** DATA UNDER STUDY **

..............................

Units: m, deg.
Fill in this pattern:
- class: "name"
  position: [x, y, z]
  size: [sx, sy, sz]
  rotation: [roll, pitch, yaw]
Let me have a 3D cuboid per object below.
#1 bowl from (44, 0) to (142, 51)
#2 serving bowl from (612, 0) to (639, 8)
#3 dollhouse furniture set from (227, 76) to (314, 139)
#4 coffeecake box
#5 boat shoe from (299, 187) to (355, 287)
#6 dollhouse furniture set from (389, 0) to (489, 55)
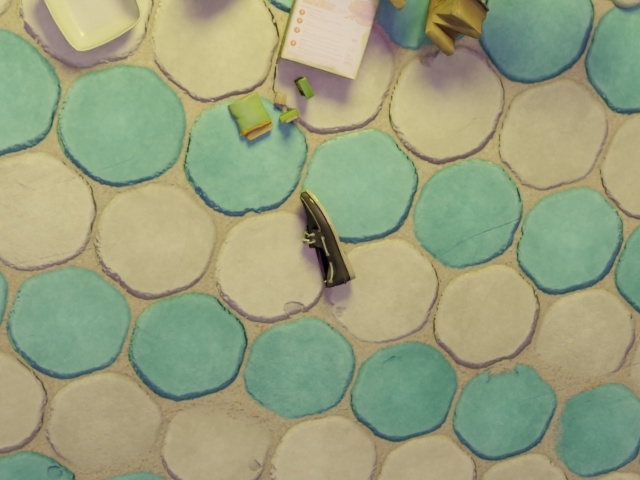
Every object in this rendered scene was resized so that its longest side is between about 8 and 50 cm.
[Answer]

..............................

Your answer must be the lines from the one containing "size: [sx, sy, sz]" through the final line of the entries, duplicated exactly, with both ends kept and all pictures left out.

  size: [sx, sy, sz]
  rotation: [roll, pitch, yaw]
Let me have a 3D cuboid per object below.
#1 bowl from (44, 0) to (142, 51)
#2 serving bowl from (612, 0) to (639, 8)
#3 dollhouse furniture set from (227, 76) to (314, 139)
#4 coffeecake box
#5 boat shoe from (299, 187) to (355, 287)
#6 dollhouse furniture set from (389, 0) to (489, 55)
Every object in this rendered scene was resized so that its longest side is between about 8 and 50 cm.
[Answer]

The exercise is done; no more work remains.